Sermaye iktidarının zindanlara yönelik kanlı operasyonları gün geçmiyor ki yaşanmasın. Buca, Ümraniye, Diyarbakır, Ulucanlar ve Burdur vahşeti bunun son örnekleri arasında. Şu andaki saldırının boyutu ise F tipi cezaevleri olarak karşımıza çıkmaktadır. Devrimci ve komünist tutsaklar Hücrelere girmeyeceğiz, direneceğiz, öleceğiz! şiarıyla ÖOna çevirdikeri SAG direnişine başladılar.
Katillerin ve çetelerin kader mahkumu denilenerek affedildiği, düşünen insanların dört duvar arasında ömür törpülemeye itildiği bu sömürü düzeninde devrimcileri tutsak etmek yetmiyor. Daha bir de teslim almak ve kişiliksizleştirmek için F tipi cezaevi dayatılıyor. İnsanın insanca yaşamasının yasak edildiği ve sosyal yaşamdan tamamen tecrit edildiği, aslında birer ölüm çarkı olan hücreler; toplumsal ve sınıfsal muhalefete karşı bir yaptırım olarak karşımıza çıkıyor.
Bugün toplumsal muhalefetin bileşenlerini oluşturan; toplusözleşmeli ve grevli sendika haklarını isteyen kamu çalışanları, adil ve eşit ücret isteyen işçiler, parasız eğitim ve sağlık hizmeti isteyen öğrenciler, özelleştirmelere, İMF paketlerine, yoksulluğa ve sömürüye karşı çıkan emekçiler, aydınlar, yazarlar, çevreciler, düşünenler ve düşündüklerini ifade edenler de hücre saldırısıyla karşı karşıyadır.

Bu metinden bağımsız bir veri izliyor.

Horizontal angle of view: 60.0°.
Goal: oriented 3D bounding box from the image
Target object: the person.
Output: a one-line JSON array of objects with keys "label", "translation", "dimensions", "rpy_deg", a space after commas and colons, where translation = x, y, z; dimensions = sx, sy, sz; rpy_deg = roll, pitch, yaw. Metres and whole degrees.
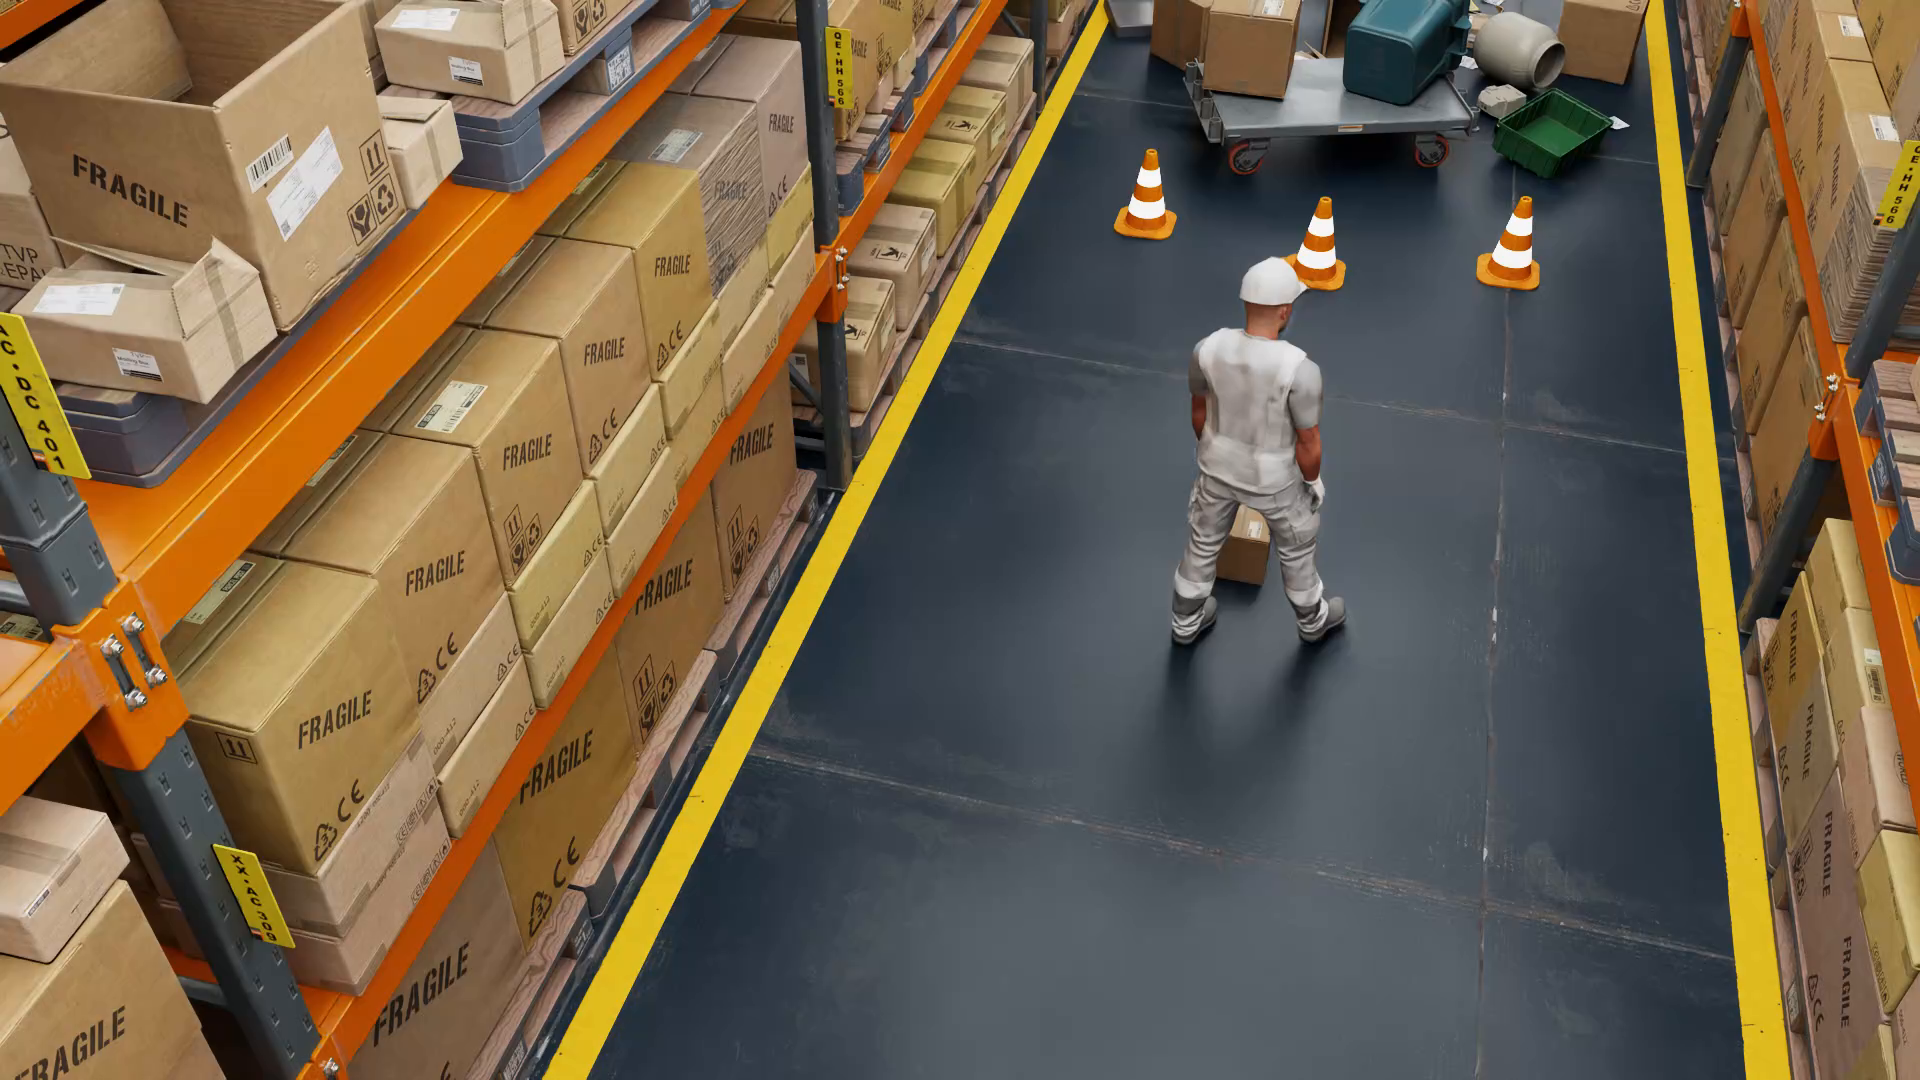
[{"label": "person", "translation": [16.035, -3.088, 9.764], "dimensions": [21.024, 1.748, 23.708], "rpy_deg": [23, 46, 24]}]
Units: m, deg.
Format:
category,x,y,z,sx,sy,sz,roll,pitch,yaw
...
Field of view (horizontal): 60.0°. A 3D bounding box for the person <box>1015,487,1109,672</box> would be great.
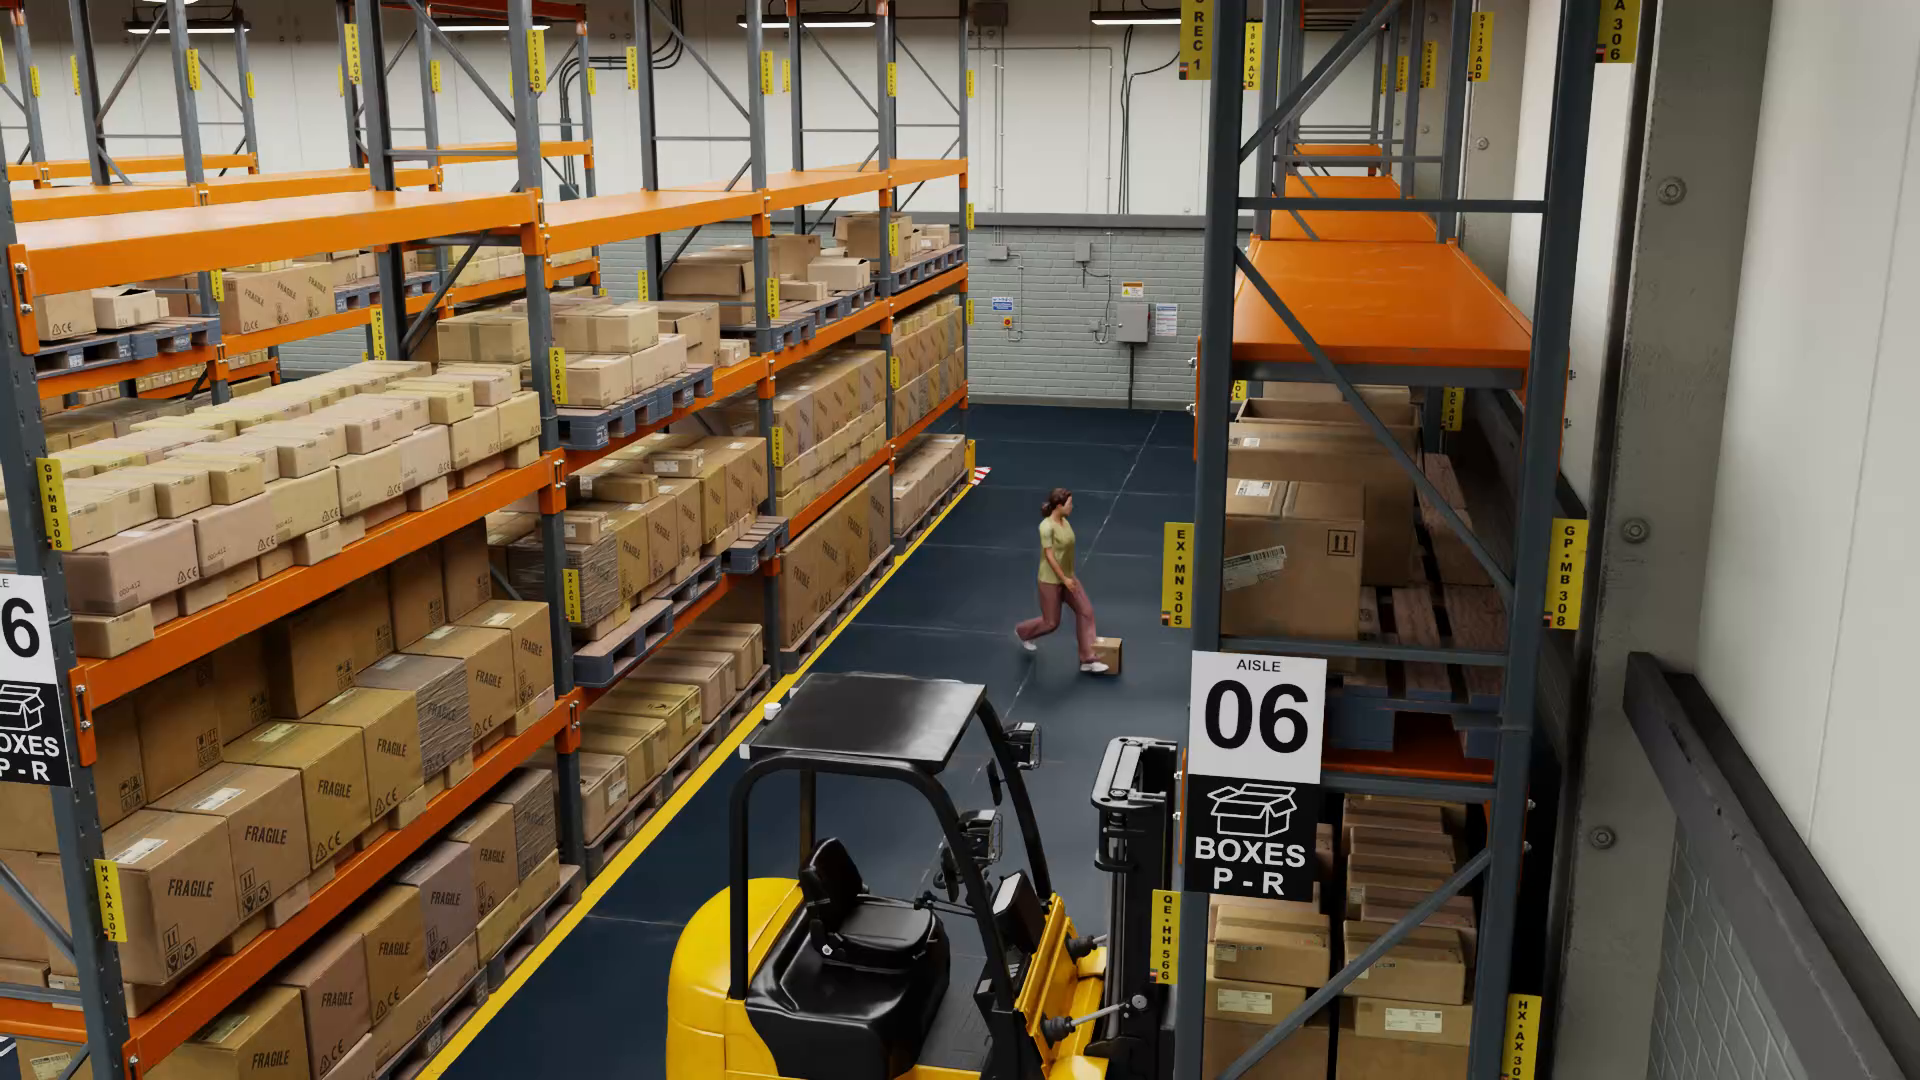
category,x,y,z,sx,sy,sz,roll,pitch,yaw
person,0.913,0.330,14.453,1.042,1.572,0.425,13,20,41
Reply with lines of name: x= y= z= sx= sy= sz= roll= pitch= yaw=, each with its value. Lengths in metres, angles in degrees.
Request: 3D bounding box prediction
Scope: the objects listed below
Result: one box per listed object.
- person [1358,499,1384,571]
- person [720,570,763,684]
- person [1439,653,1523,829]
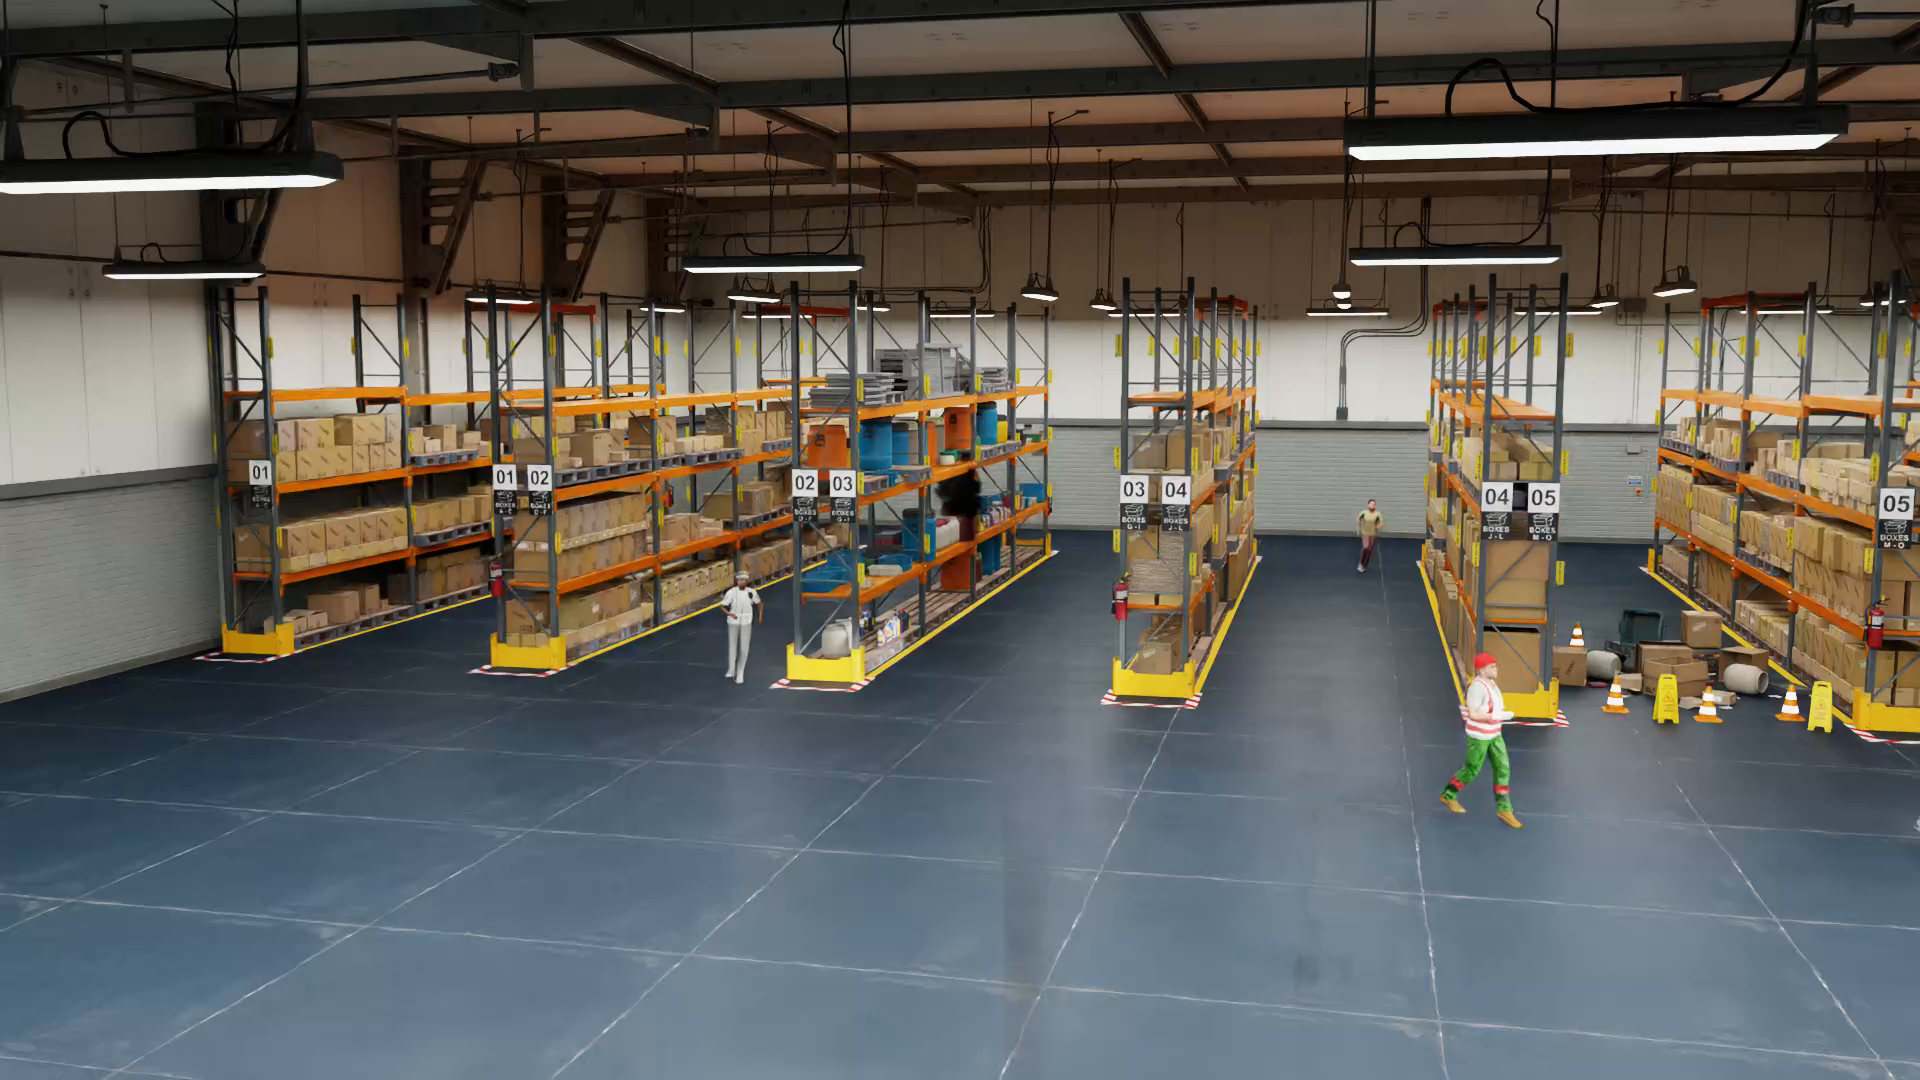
person: x=9.194 y=-0.099 z=37.244 sx=0.569 sy=1.634 sz=0.630 roll=1 pitch=7 yaw=12
person: x=-3.285 y=1.311 z=25.094 sx=0.650 sy=1.719 sz=0.574 roll=-1 pitch=7 yaw=-9
person: x=5.510 y=2.092 z=17.567 sx=0.893 sy=1.833 sz=0.642 roll=6 pitch=9 yaw=44
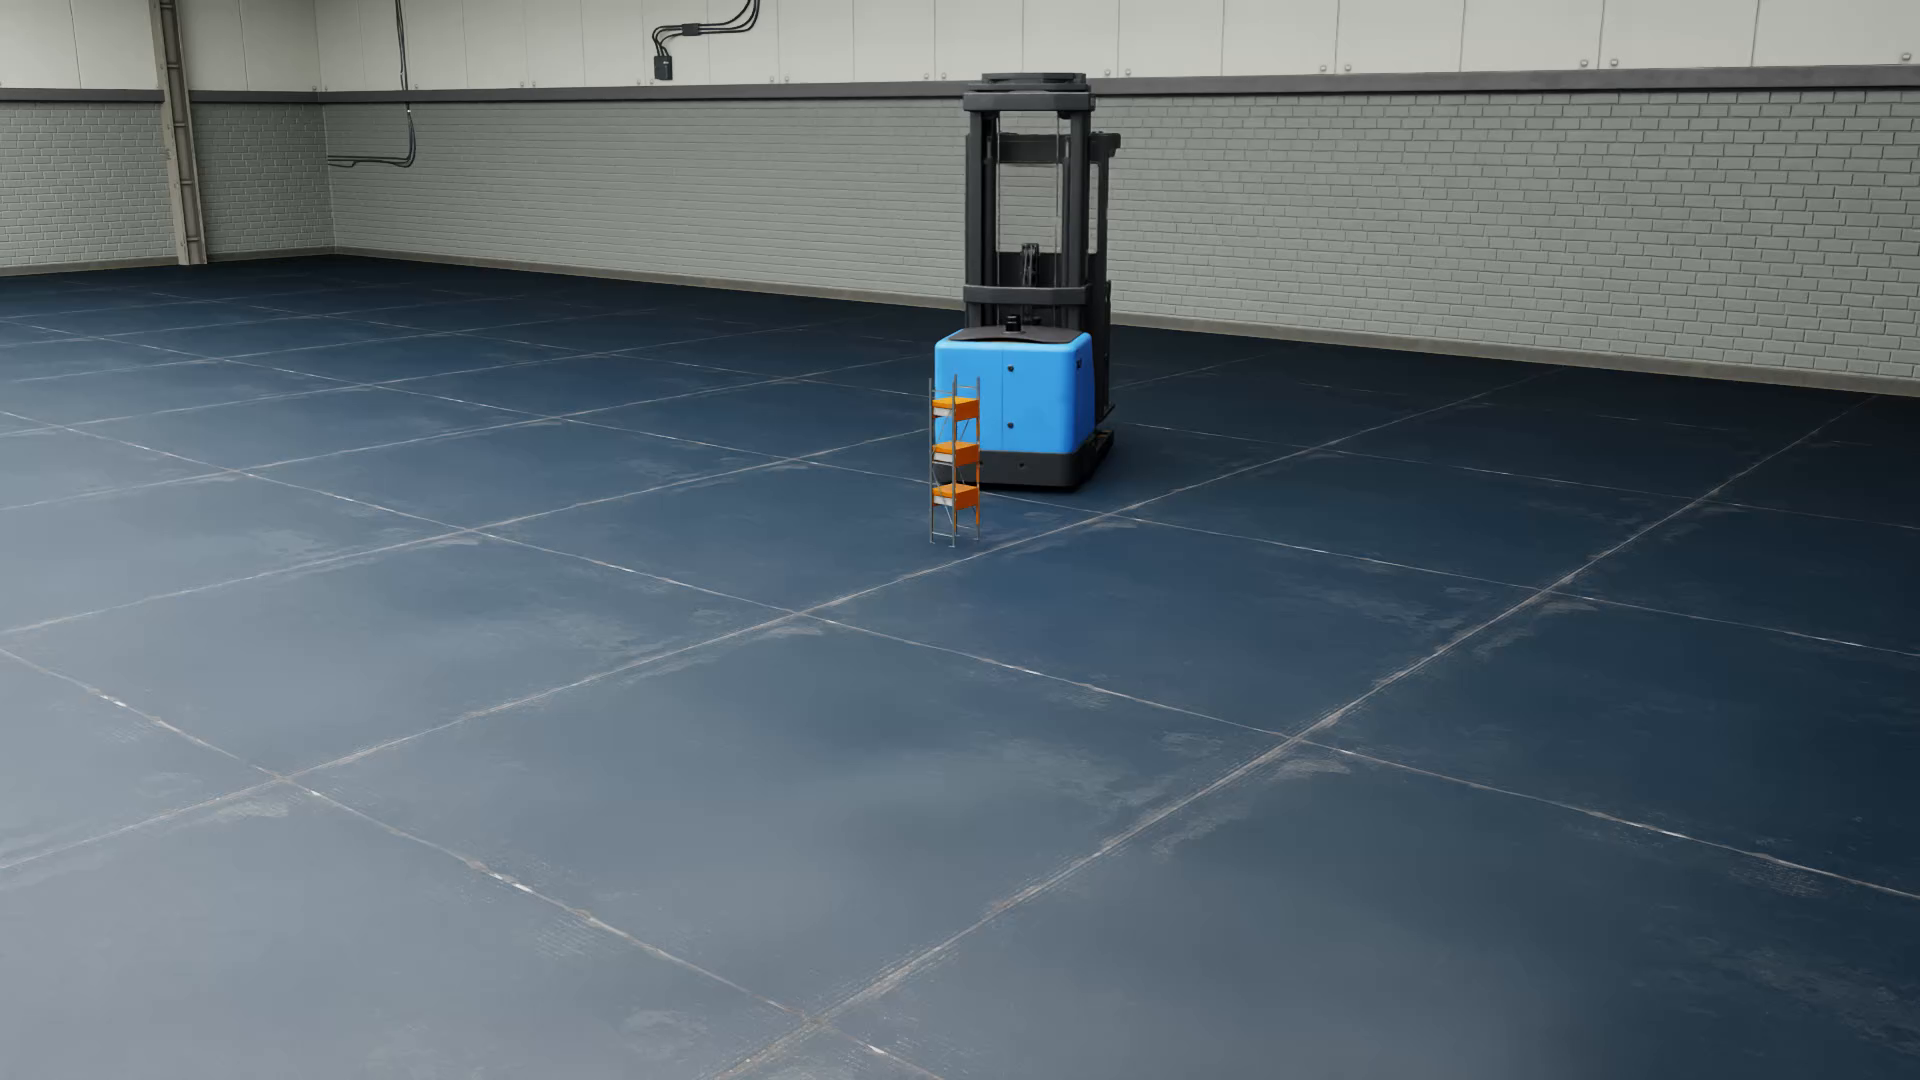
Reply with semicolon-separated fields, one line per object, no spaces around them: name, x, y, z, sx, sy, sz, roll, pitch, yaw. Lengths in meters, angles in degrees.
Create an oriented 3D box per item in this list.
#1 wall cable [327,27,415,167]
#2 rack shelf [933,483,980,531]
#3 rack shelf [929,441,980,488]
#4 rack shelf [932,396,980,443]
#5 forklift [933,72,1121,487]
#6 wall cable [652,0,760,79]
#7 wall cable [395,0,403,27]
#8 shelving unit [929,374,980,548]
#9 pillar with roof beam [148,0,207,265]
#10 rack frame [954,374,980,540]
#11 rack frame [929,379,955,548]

Fabrikasının özelleştirilmesine karşı çıkan işçiler, parasız eğitim isteyen öğrenciler, yüzdelik zamlara karşı çıkan ve tasarruflarını isteyen kamu emekçileri, siyanürlü altın çıkarılmasına karşı çıkan köylüler, nükleer enerjiye karşı çıkan çevreciler, eserlerinde ulusal kurtuluş mücadelesini ve halkların kardeşliğini vb. konu alan aydınlar vs. cezaevleriyle korkutularak bastırılmaya çalışılıyor. Bu şekilde toplumun beyninde karakollar ve hücreler kurulurken, yaşamımızın her alanı hücreleştiriliyor.
Faşist sermaye devletinin topyekûn saldırılarına karşı birleşik, militan bir direniş hattı örebildiğimiz koşullarda F tipi cezaevlerini ve yaşamamızın hücreleştirilmesini engelleyebiliriz.
Bu süreci başarıyla aşabilmek için, cezaevlerindeki tüm devrimci tutsakların ÖO direnişine katılması tarihi sorumluluk olarak önümüzde dururken; dışarda da zindanlarda yakılan direniş ateşini kendisine duyarlıyım, demokratım, devrimciyim diyen herkes kendi bulunduğu yerden ve gücü oranında harlamalıdır.